РЕЧЬ ПЯТАЯ О СТАРОСТИ


Ночь пришла, благотворна, на смену прекрасному дню.

Ветру вышла земля, и вода прикоснулась к огню[87].

Месяц старости светит. Очнись, ты охвачен дремотой.

Он уж там, над стеною, деревья блестят позолотой.

Ты с пути, что ведет к покорению мира, сверни.

Ты не властен, как в юности. Встретил ты старости дни.

Стало сердце сухим, и томленьем оно не объято.

В нем уж нет крепкой соли, тебя оживлявшей когда-то.

Стали мысли неясны, туманной исполнены мглы.

Стали ноги бессильны, а пальцы — не пальцы — узлы.

Но решает земля: мы ее милосердия стоим.

Подтяни свои ноги, довольствуйся сладким покоем.

В днях, крутящих тебя, утешаться отрадой какой?

Что всего нам любезней? Покой, ты поверь мне, покой.

Лунный свет, просиявши, в холодный туман обратился;

Твой тюльпан нежно-розовый в желтый тюльпан обратился.

То Хабеш, то Тараз! Как двуцветна твоя голова![88]

Словно тюрк и таджик на нее предъявляют права!

Эти волосы — дни, а вон те — будто черные ночи.

Ты подумай, о старец, в былое направивши очи,

Сколько в прошлое время встречалось тебе молодых,

Что с годами боролись, волос не желая седых?

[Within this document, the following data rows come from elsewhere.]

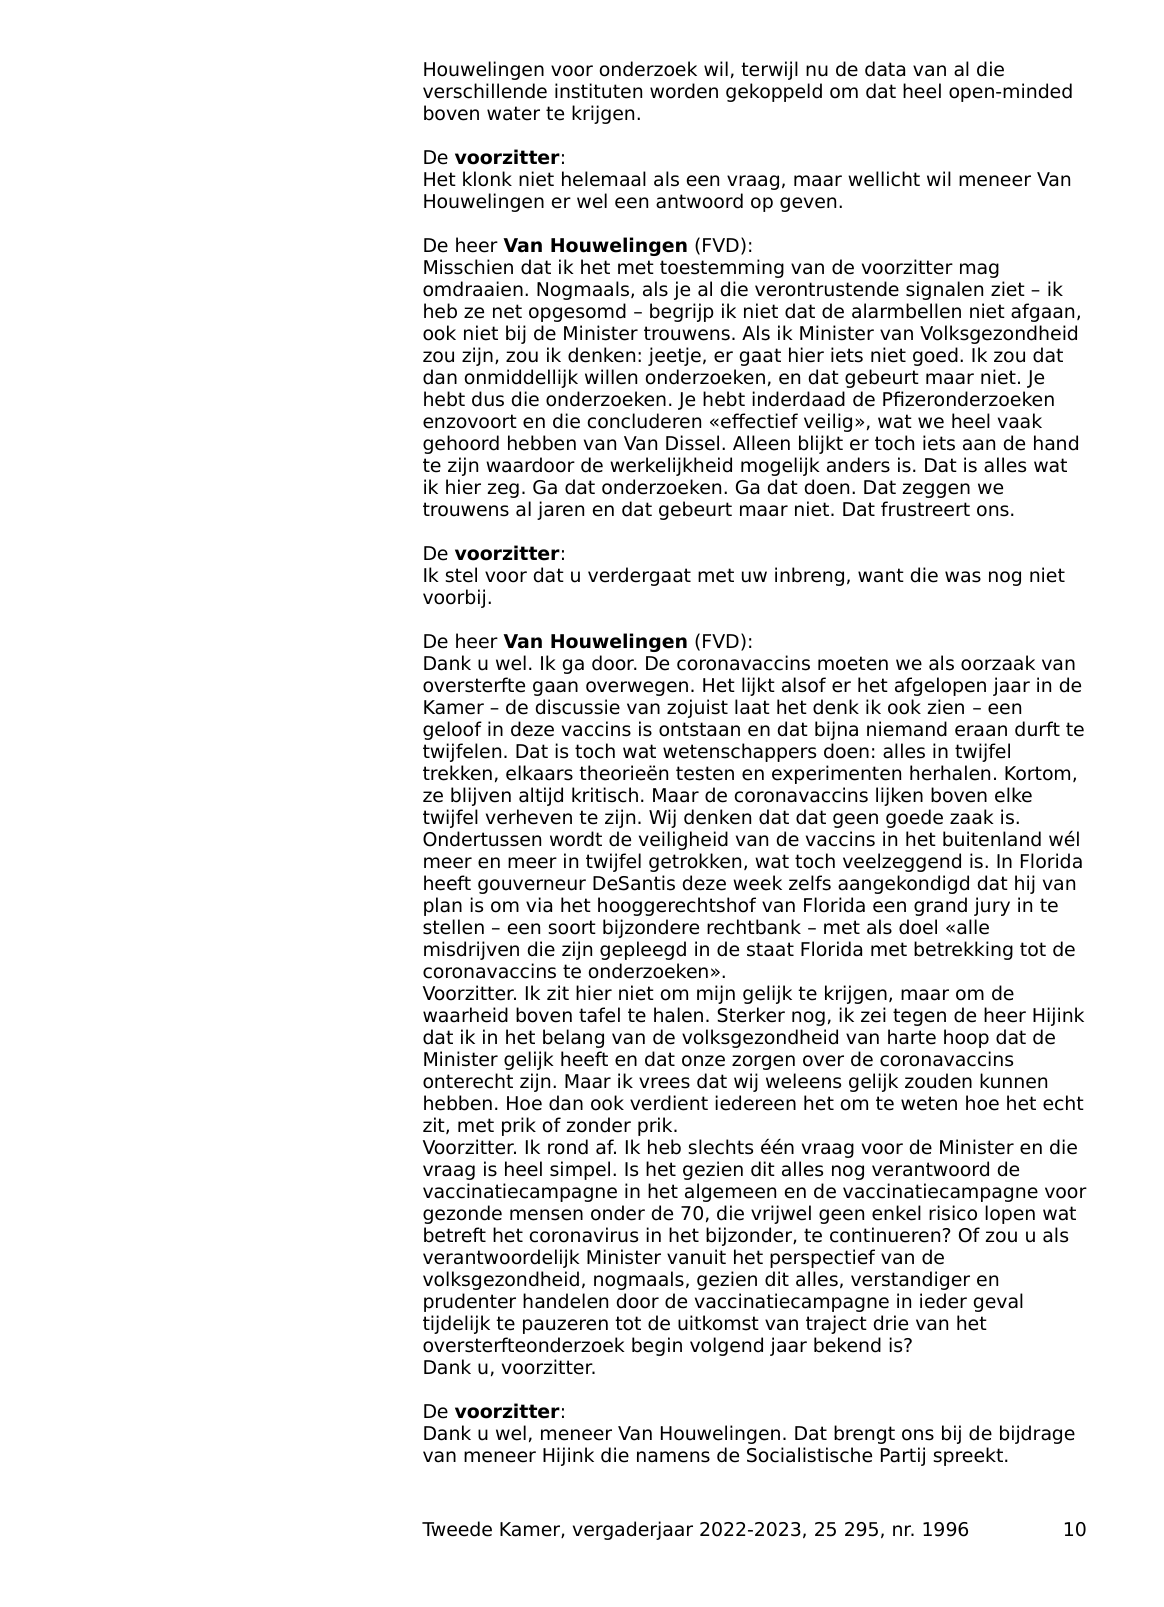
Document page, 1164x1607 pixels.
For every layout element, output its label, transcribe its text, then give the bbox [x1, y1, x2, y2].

text De voorzitter: [422, 147, 1087, 169]
text Misschien dat ik het met toestemming van de voorzitter mag omdraaien. Nogmaals, als je al die verontrustende signalen ziet – ik heb ze net opgesomd – begrijp ik niet dat de alarmbellen niet afgaan, ook niet bij de Minister trouwens. Als ik Minister van Volksgezondheid zou zijn, zou ik denken: jeetje, er gaat hier iets niet goed. Ik zou dat dan onmiddellijk willen onderzoeken, en dat gebeurt maar niet. Je hebt dus die onderzoeken. Je hebt inderdaad de Pfizeronderzoeken enzovoort en die concluderen «effectief veilig», wat we heel vaak gehoord hebben van Van Dissel. Alleen blijkt er toch iets aan de hand te zijn waardoor de werkelijkheid mogelijk anders is. Dat is alles wat ik hier zeg. Ga dat onderzoeken. Ga dat doen. Dat zeggen we trouwens al jaren en dat gebeurt maar niet. Dat frustreert ons. [422, 257, 1087, 521]
text Houwelingen voor onderzoek wil, terwijl nu de data van al die verschillende instituten worden gekoppeld om dat heel open-minded boven water te krijgen. [422, 59, 1087, 125]
text Ik stel voor dat u verdergaat met uw inbreng, want die was nog niet voorbij. [422, 565, 1087, 609]
text Voorzitter. Ik rond af. Ik heb slechts één vraag voor de Minister en die vraag is heel simpel. Is het gezien dit alles nog verantwoord de vaccinatiecampagne in het algemeen en de vaccinatiecampagne voor gezonde mensen onder de 70, die vrijwel geen enkel risico lopen wat betreft het coronavirus in het bijzonder, te continueren? Of zou u als verantwoordelijk Minister vanuit het perspectief van de volksgezondheid, nogmaals, gezien dit alles, verstandiger en prudenter handelen door de vaccinatiecampagne in ieder geval tijdelijk te pauzeren tot de uitkomst van traject drie van het oversterfteonderzoek begin volgend jaar bekend is? [422, 1137, 1087, 1357]
text Voorzitter. Ik zit hier niet om mijn gelijk te krijgen, maar om de waarheid boven tafel te halen. Sterker nog, ik zei tegen de heer Hijink dat ik in het belang van de volksgezondheid van harte hoop dat de Minister gelijk heeft en dat onze zorgen over de coronavaccins onterecht zijn. Maar ik vrees dat wij weleens gelijk zouden kunnen hebben. Hoe dan ook verdient iedereen het om te weten hoe het echt zit, met prik of zonder prik. [422, 983, 1087, 1137]
text De voorzitter: [422, 1401, 1087, 1423]
text Dank u wel. Ik ga door. De coronavaccins moeten we als oorzaak van oversterfte gaan overwegen. Het lijkt alsof er het afgelopen jaar in de Kamer – de discussie van zojuist laat het denk ik ook zien – een geloof in deze vaccins is ontstaan en dat bijna niemand eraan durft te twijfelen. Dat is toch wat wetenschappers doen: alles in twijfel trekken, elkaars theorieën testen en experimenten herhalen. Kortom, ze blijven altijd kritisch. Maar de coronavaccins lijken boven elke twijfel verheven te zijn. Wij denken dat dat geen goede zaak is. Ondertussen wordt de veiligheid van de vaccins in het buitenland wél meer en meer in twijfel getrokken, wat toch veelzeggend is. In Florida heeft gouverneur DeSantis deze week zelfs aangekondigd dat hij van plan is om via het hooggerechtshof van Florida een grand jury in te stellen – een soort bijzondere rechtbank – met als doel «alle misdrijven die zijn gepleegd in de staat Florida met betrekking tot de coronavaccins te onderzoeken». [422, 653, 1087, 983]
text De voorzitter: [422, 543, 1087, 565]
text Dank u, voorzitter. [422, 1357, 1087, 1379]
text Het klonk niet helemaal als een vraag, maar wellicht wil meneer Van Houwelingen er wel een antwoord op geven. [422, 169, 1087, 213]
text De heer Van Houwelingen (FVD): [422, 631, 1087, 653]
text Dank u wel, meneer Van Houwelingen. Dat brengt ons bij de bijdrage van meneer Hijink die namens de Socialistische Partij spreekt. [422, 1423, 1087, 1467]
text De heer Van Houwelingen (FVD): [422, 235, 1087, 257]

Все ж их роз лепестки облетели в осенние бури.

Старость к юным пришла, и не стало весенней лазури.

У себя недостатков не видели юные, нет.

«Только старость, — твердили, — порок, затемняющий свет».

Хоть бы в пальцах своих ты Джамшидову поднял державу,

Поседев, проклянешь ты свою бесполезную славу.

Каждый волос седой — вестник смерти. И если спина

Изогнулась горбом, не о смерти ль вещает она?

Кто же юности царством и мудрости царством владеет?

Я найти их не смог. О творец, кто найти их сумеет?

Дни беспечности скрылись, ушли в безвозвратную даль.

Не печально ли это? Ну что ж, испытаем печаль.

Все навек исчезают, и каждый исчезнет Иосиф[89].

И печалимся мы, скорбный взор «а прошедшее бросив.

Все сокровища юности бедный утратил старик.

Но ведь в старости только он ценность былого постиг.

Деревцо молодое прекрасные видело годы.

Но засохшее дерево рубят всегда садоводы.

Хоть прошедшая молодость вечно подобна огню,

Все же, старость кляня, мчимся думой мы к прошлому дню.

Ветви юных дерев предназначены завязям свежим,

А сухие — огню. Ими в стужу себя все мы нежим.

Знаем: волосы черные сладкой исполнены тьмы.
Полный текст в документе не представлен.